• **YOUR GOAL**
For this exercise, return all the data word for word, with images left out.

• **DATA FOR THIS EXERCISE**
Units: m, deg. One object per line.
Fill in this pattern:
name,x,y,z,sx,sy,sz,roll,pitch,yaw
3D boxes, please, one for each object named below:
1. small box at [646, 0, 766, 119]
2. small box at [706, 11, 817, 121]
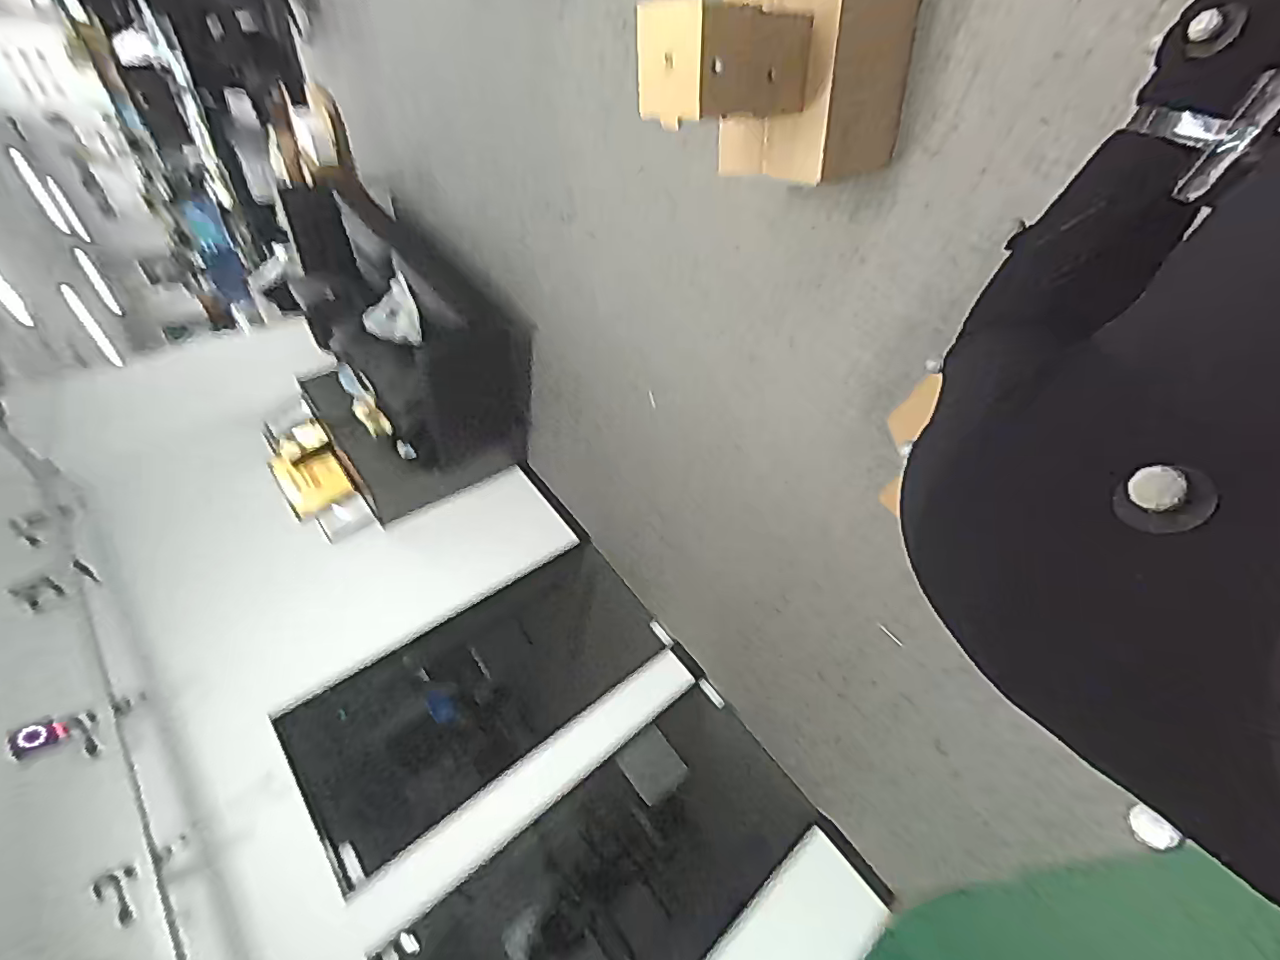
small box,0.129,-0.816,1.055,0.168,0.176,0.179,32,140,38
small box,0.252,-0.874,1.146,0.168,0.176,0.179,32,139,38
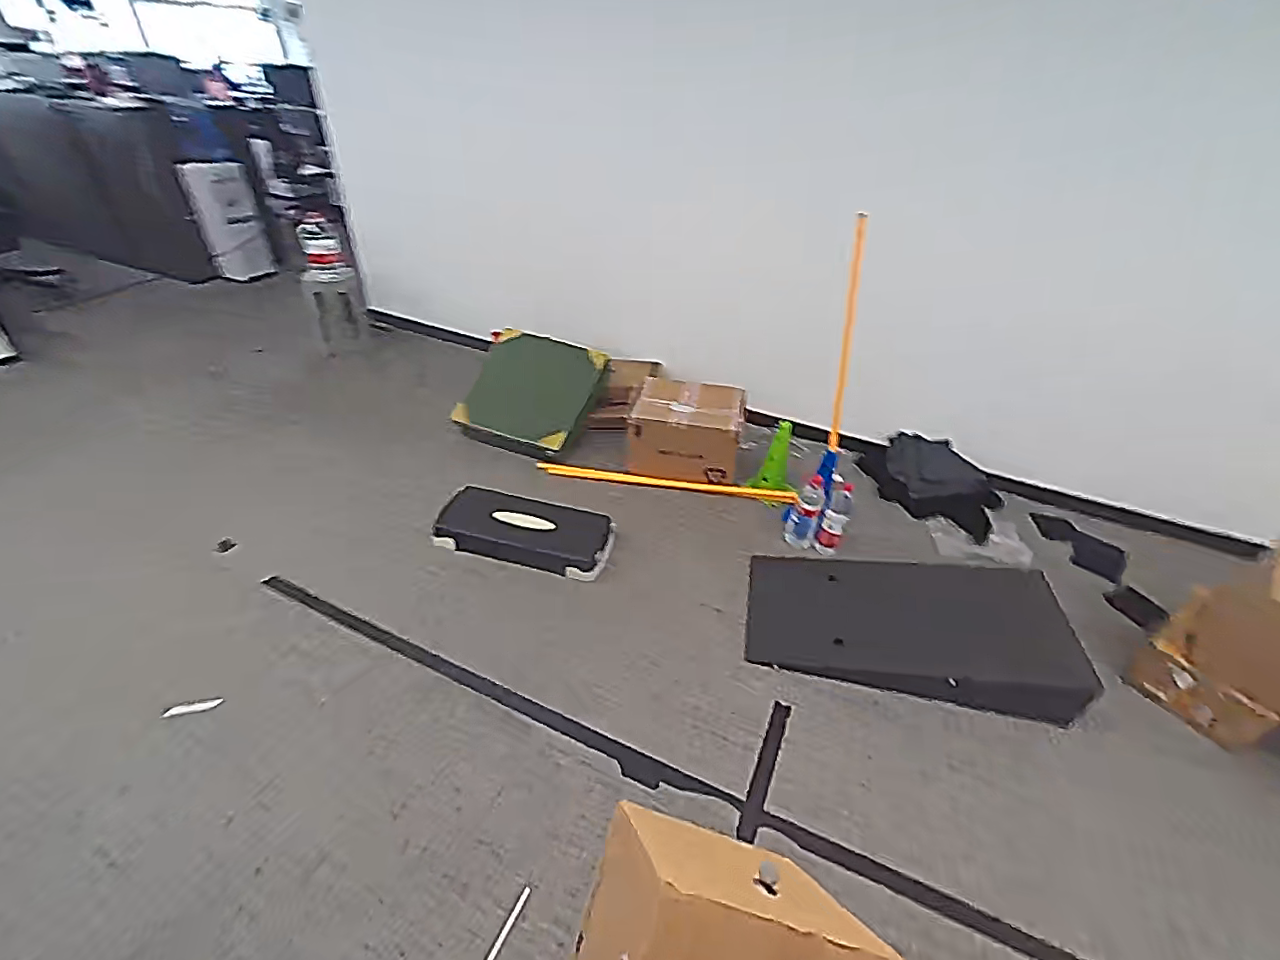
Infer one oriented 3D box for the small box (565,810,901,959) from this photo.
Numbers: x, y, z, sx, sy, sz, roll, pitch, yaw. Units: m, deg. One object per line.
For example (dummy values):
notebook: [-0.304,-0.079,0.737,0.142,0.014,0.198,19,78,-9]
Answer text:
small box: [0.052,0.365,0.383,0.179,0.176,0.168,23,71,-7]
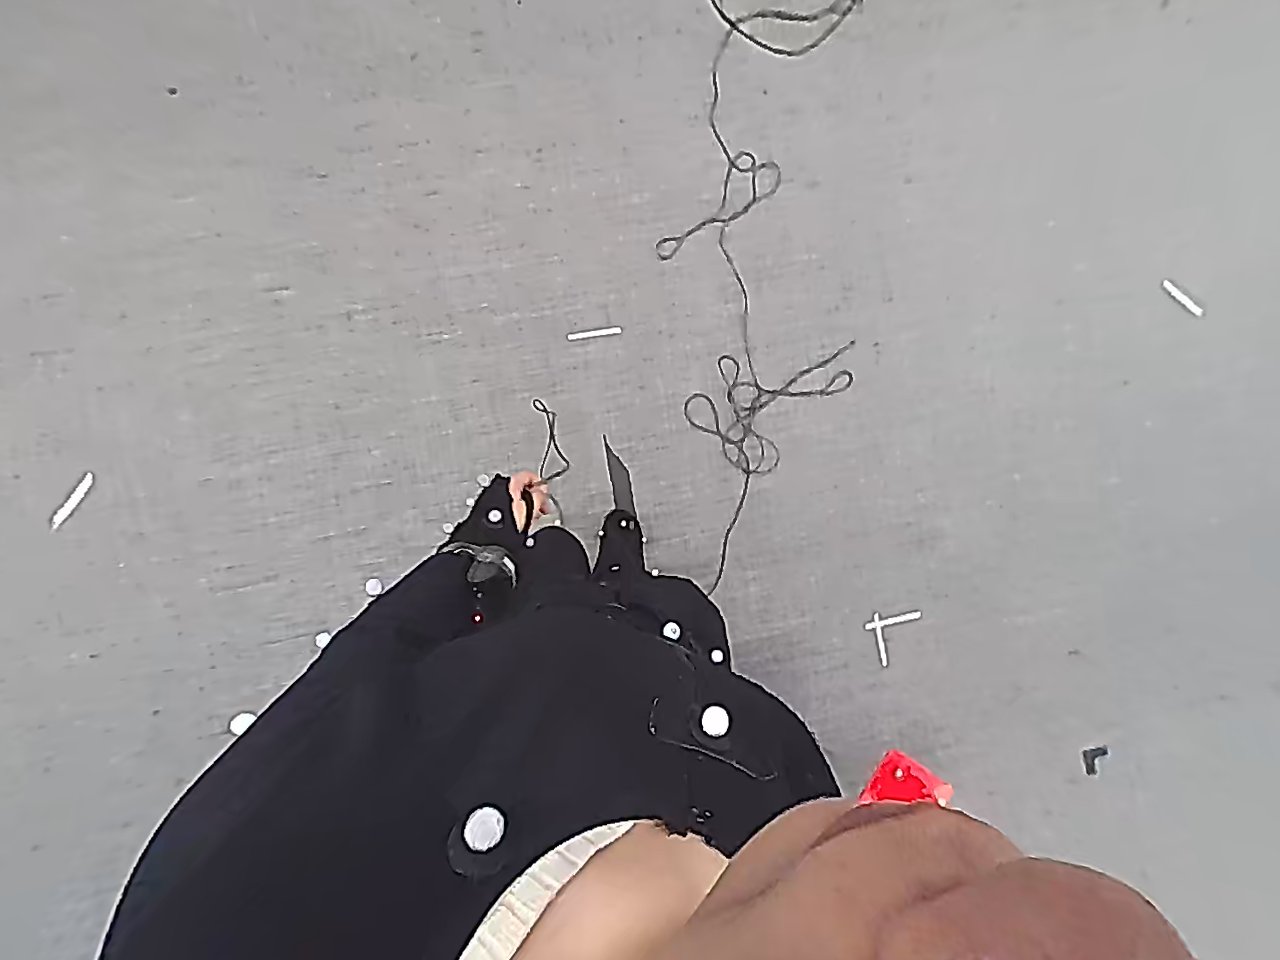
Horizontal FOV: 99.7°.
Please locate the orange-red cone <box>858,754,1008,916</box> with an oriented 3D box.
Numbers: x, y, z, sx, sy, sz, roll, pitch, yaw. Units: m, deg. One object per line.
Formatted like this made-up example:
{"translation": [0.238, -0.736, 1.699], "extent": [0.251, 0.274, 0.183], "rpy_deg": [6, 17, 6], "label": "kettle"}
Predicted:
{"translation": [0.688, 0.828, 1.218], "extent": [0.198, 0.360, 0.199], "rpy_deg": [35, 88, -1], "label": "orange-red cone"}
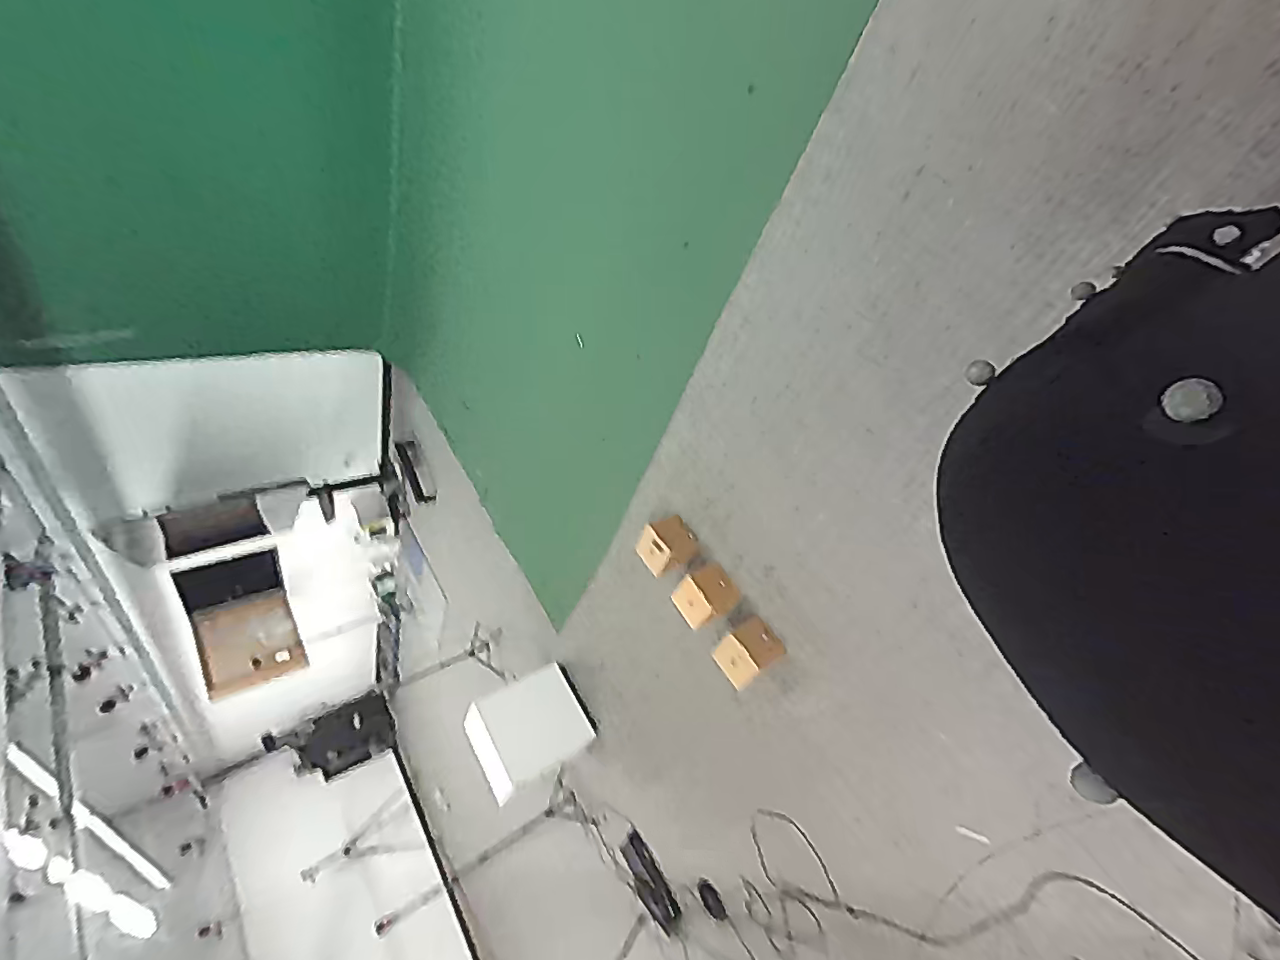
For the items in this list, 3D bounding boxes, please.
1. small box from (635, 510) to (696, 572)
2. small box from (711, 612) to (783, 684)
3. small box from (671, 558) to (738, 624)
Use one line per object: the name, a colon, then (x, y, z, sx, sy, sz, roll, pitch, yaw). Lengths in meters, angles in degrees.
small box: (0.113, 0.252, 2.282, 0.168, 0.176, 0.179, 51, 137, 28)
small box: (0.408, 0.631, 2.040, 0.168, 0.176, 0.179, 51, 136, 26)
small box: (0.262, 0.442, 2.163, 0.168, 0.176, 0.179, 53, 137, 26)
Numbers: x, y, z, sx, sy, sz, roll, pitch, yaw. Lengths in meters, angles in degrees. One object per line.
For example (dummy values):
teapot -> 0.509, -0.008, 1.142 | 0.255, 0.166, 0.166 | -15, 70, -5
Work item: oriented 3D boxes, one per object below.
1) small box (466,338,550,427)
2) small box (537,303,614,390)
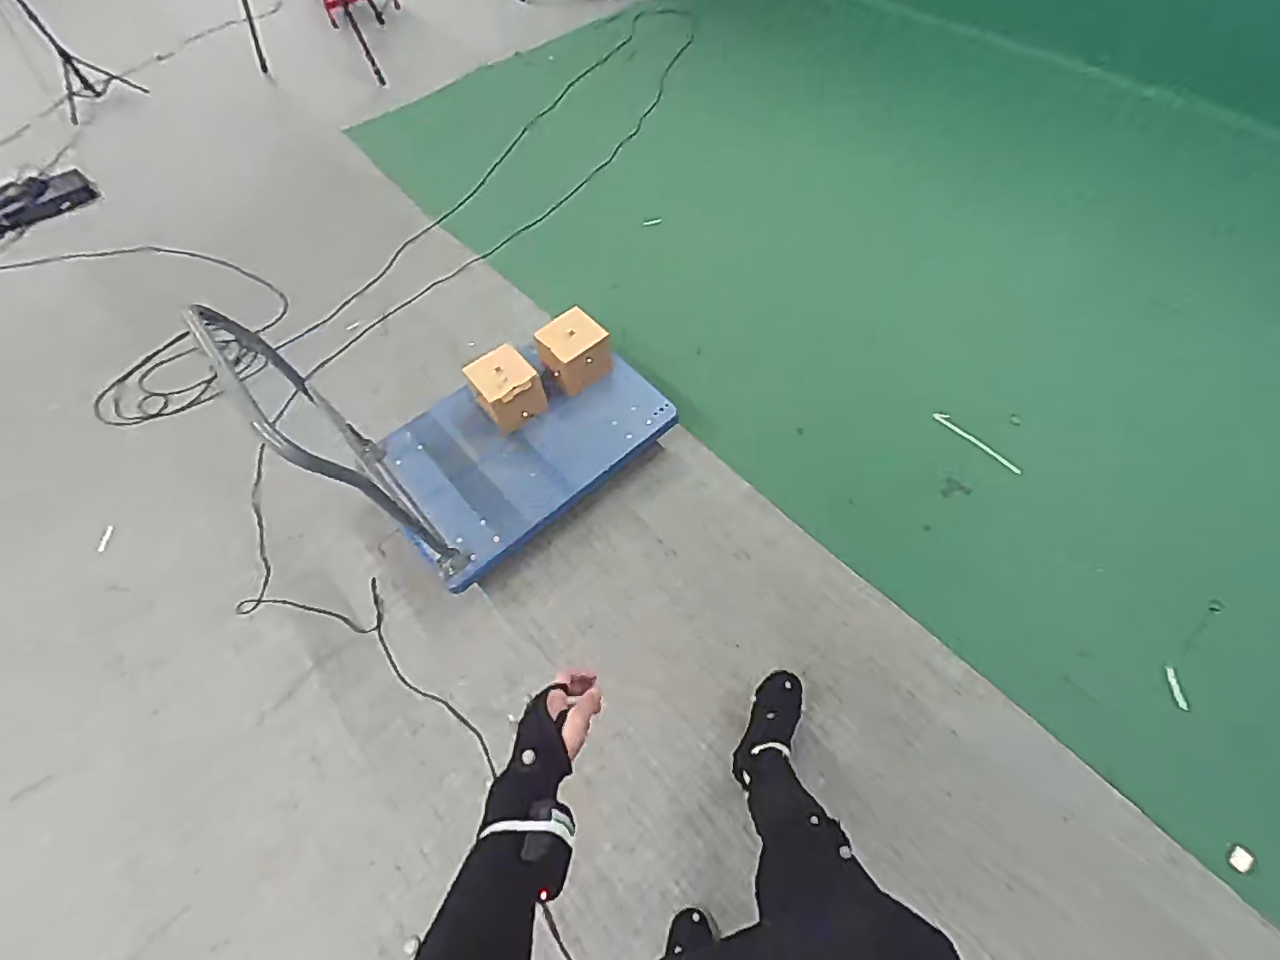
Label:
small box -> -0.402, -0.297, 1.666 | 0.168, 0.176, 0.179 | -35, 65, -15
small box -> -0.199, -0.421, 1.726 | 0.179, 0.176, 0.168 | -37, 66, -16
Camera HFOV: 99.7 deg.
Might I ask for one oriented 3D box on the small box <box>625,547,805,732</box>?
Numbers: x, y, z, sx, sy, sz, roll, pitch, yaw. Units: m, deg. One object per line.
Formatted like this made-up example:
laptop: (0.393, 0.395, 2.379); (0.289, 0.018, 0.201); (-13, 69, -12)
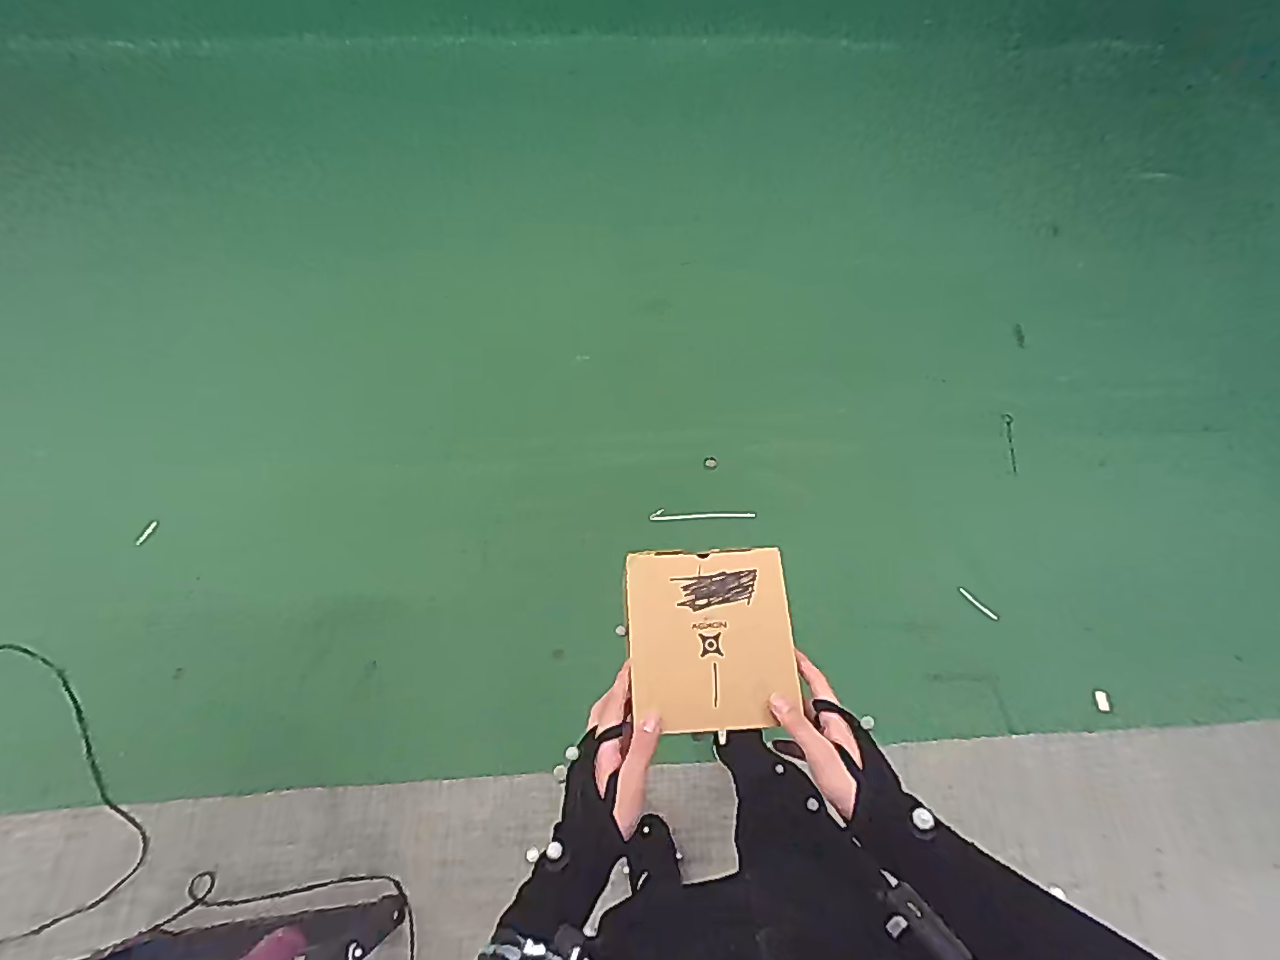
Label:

• **EXERCISE SOLUTION**
Units: m, deg. One object per line.
Fill in this pattern:
name,x,y,z,sx,sy,sz,roll,pitch,yaw
3D boxes, please, one for each object named below:
1. small box at [646, 0, 766, 119]
2. small box at [706, 11, 817, 121]
small box,0.129,-0.816,1.055,0.168,0.176,0.179,32,140,38
small box,0.252,-0.874,1.146,0.168,0.176,0.179,32,139,38
Infer one oriented 3D box for the small box (565,810,901,959) from this photo.
Numbers: x, y, z, sx, sy, sz, roll, pitch, yaw. Units: m, deg. One object per line.
For example (dummy values):
notebook: [-0.304,-0.079,0.737,0.142,0.014,0.198,19,78,-9]
Answer text:
small box: [0.052,0.365,0.383,0.179,0.176,0.168,23,71,-7]
Horizontal FOV: 99.7°.
Please locate the orange-red cone <box>858,754,1008,916</box> with an oriented 3D box.
Numbers: x, y, z, sx, sy, sz, roll, pitch, yaw. Units: m, deg. One object per line.
Formatted like this made-up example:
{"translation": [0.238, -0.736, 1.699], "extent": [0.251, 0.274, 0.183], "rpy_deg": [6, 17, 6], "label": "kettle"}
Predicted:
{"translation": [0.688, 0.828, 1.218], "extent": [0.198, 0.360, 0.199], "rpy_deg": [35, 88, -1], "label": "orange-red cone"}
For the items in this list, 3D bounding boxes, please.
1. small box from (635, 510) to (696, 572)
2. small box from (711, 612) to (783, 684)
3. small box from (671, 558) to (738, 624)
Use one line per object: the name, a colon, then (x, y, z, sx, sy, sz, roll, pitch, yaw). Lengths in meters, angles in degrees.
small box: (0.113, 0.252, 2.282, 0.168, 0.176, 0.179, 51, 137, 28)
small box: (0.408, 0.631, 2.040, 0.168, 0.176, 0.179, 51, 136, 26)
small box: (0.262, 0.442, 2.163, 0.168, 0.176, 0.179, 53, 137, 26)
Numbers: x, y, z, sx, sy, sz, roll, pitch, yaw. Lengths in meters, angles in degrees. One object per line.
For example (dummy values):
teapot -> 0.509, -0.008, 1.142 | 0.255, 0.166, 0.166 | -15, 70, -5
Work item: oriented 3D boxes, one per object below.
1) small box (466,338,550,427)
2) small box (537,303,614,390)
Label:
small box -> -0.402, -0.297, 1.666 | 0.168, 0.176, 0.179 | -35, 65, -15
small box -> -0.199, -0.421, 1.726 | 0.179, 0.176, 0.168 | -37, 66, -16
Camera HFOV: 99.7 deg.
Might I ask for one oriented 3D box on the small box <box>625,547,805,732</box>?
Numbers: x, y, z, sx, sy, sz, roll, pitch, yaw. Units: m, deg. One object per line.
Formatted like this made-up example:
laptop: (0.393, 0.395, 2.379); (0.289, 0.018, 0.201); (-13, 69, -12)
Label:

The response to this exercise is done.